Common Mistakes with Polymorphism

• Using inheritance when an interface would be cleaner.
• Overusing virtual methods without a clear extension reason.
• Breaking expected base class behavior in overridden methods.
• Using type checks everywhere instead of polymorphic behavior.
• Creating large base classes that force derived classes to inherit unwanted members.

If a method contains many if or switch statements checking object types, polymorphism may be a better design. Each type can own its own behavior instead of forcing one method to know every possible type.

Best Practices for Polymorphism in C#

• Use polymorphism when different types share the same operation but implement it differently.
• Prefer interfaces for capabilities that unrelated classes can share.
• Use abstract classes when derived classes need shared state or shared base logic.
• Keep base classes small and focused.
• Do not make every method virtual by default.
• Make overridden behavior respect the meaning promised by the base type.

Polymorphism and Dependency Injection

Modern C# applications use polymorphism heavily through dependency injection. A service may depend on an interface such as IEmailSender. At runtime, the application can provide a real email sender, a test email sender, or a mock sender without changing the service code.

class UserService
{
    private readonly IEmailSender emailSender;

    public UserService(IEmailSender emailSender)
    {
        this.emailSender = emailSender;
    }

    public void RegisterUser(string email)
    {
        emailSender.Send(email, "Welcome");
    }
}

The service does not create a specific email sender. It depends on behavior. This is one of the main reasons polymorphism is important in professional C# development.

Polymorphism Interview Points

For interviews, remember that polymorphism means one operation can have many forms. Method overloading is compile-time polymorphism. Method overriding is runtime polymorphism. Runtime polymorphism requires inheritance or interface-based dispatch, and the actual method is selected based on the runtime object type.

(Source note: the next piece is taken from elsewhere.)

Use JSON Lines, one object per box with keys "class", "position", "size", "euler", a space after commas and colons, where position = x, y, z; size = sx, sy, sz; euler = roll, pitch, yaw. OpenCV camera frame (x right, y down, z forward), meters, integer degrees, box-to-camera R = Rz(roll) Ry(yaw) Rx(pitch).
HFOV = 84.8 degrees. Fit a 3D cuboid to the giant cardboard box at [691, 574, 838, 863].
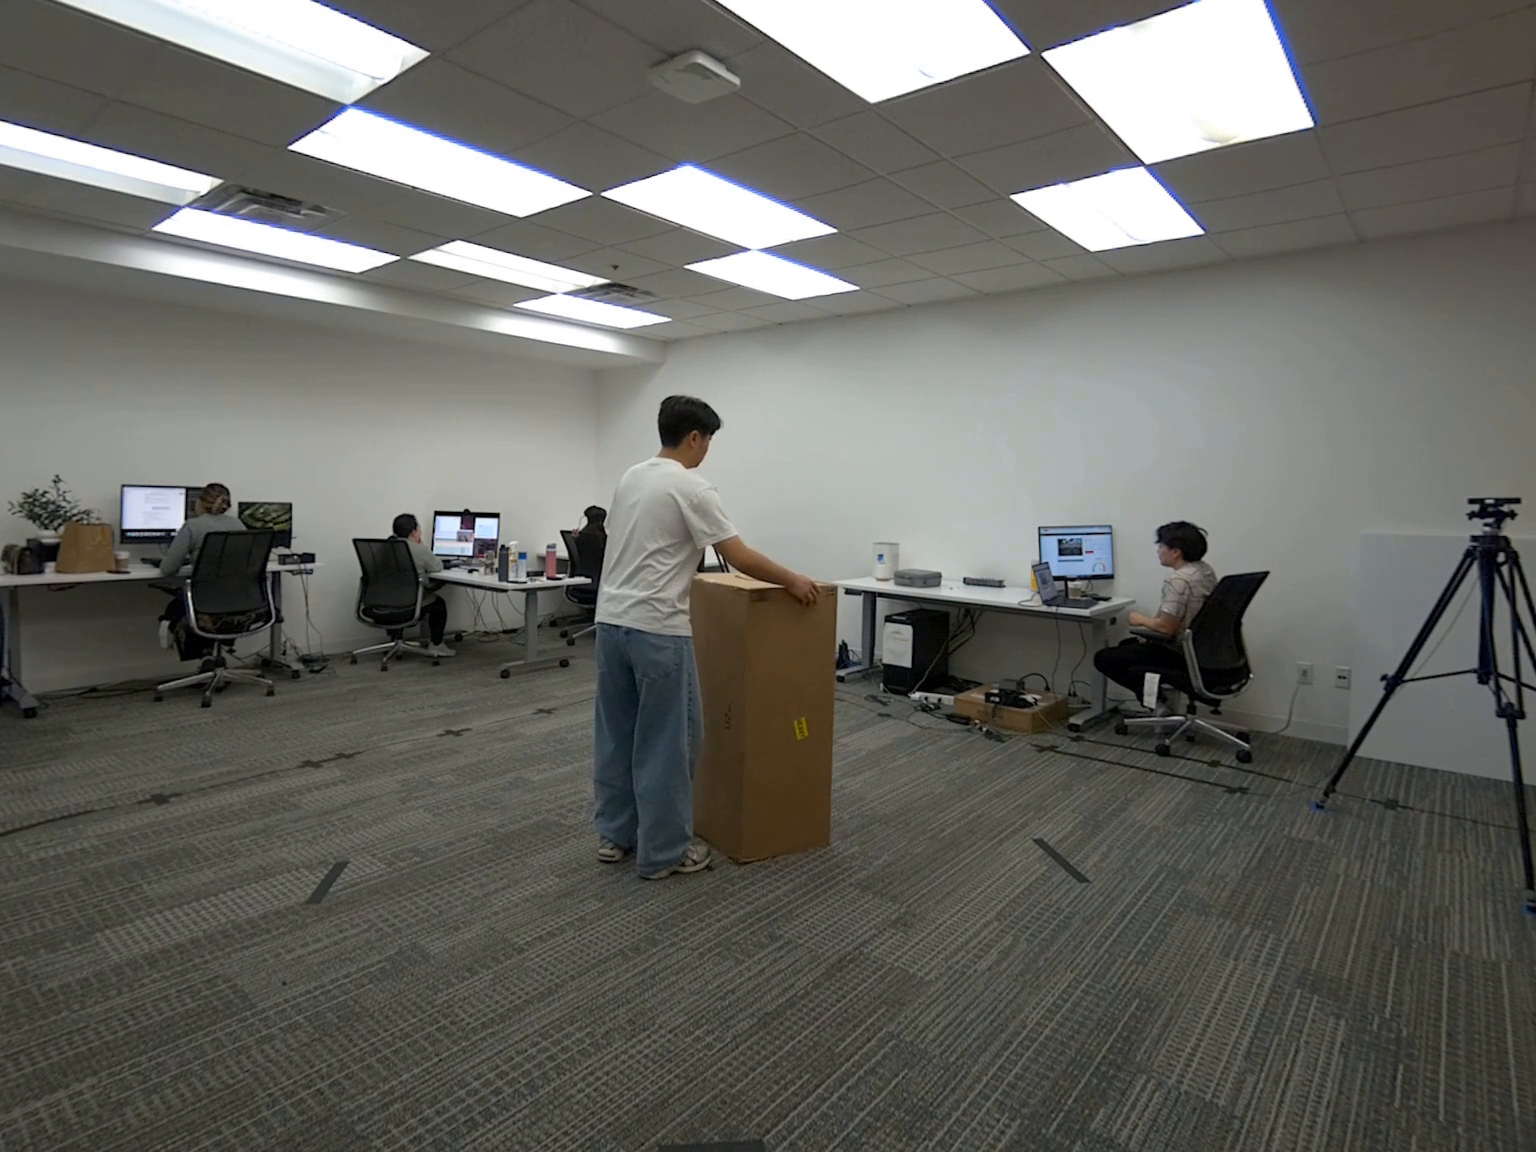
{"class": "giant cardboard box", "position": [-0.081, 0.523, 3.473], "size": [0.414, 1.023, 0.596], "euler": [0, 4, -33]}

Also remember the roles of virtual, override, abstract, and interfaces. The base class defines a common contract, while derived classes or implementing classes provide specific behavior.

Polymorphism Design Rule

A good use of polymorphism removes unnecessary knowledge from the calling code. The caller should not need to know whether it is dealing with an email notification, SMS notification, PDF exporter, or Excel exporter. It should only depend on the common behavior that all implementations promise.

This keeps new features easier to add. If a new payment type, report format, or notification channel is introduced, you can create a new class that follows the same contract. Existing code that works with the base type or interface often does not need to change.

The design becomes weak when derived classes do not truly follow the same meaning. If one implementation behaves in a surprising way, the caller can no longer trust the common contract. Strong polymorphism depends on clear behavior, not only matching method names.

Polymorphism and Testing

Polymorphism also helps testing. If a class depends on an interface, tests can pass a fake implementation instead of a real database, payment gateway, file system, or email service. This makes tests faster, safer, and more focused because the class can be tested without triggering external systems.

That is why polymorphism appears so often in clean C# architecture: it separates what code needs from how that need is fulfilled.

Good contracts make that separation reliable across real projects, especially when teams add features without rewriting older code.

FAQs on Polymorphism in C#

What is polymorphism in C#?

Polymorphism in C# means the same method, operation, or reference type can represent different behavior depending on the object or method signature.

What are the types of polymorphism in C#?

The two common types are compile-time polymorphism and runtime polymorphism. Overloading is compile-time polymorphism, while overriding is runtime polymorphism.

What is runtime polymorphism?

Runtime polymorphism happens when the method that runs is selected based on the actual object type at runtime, usually through virtual and overridden methods.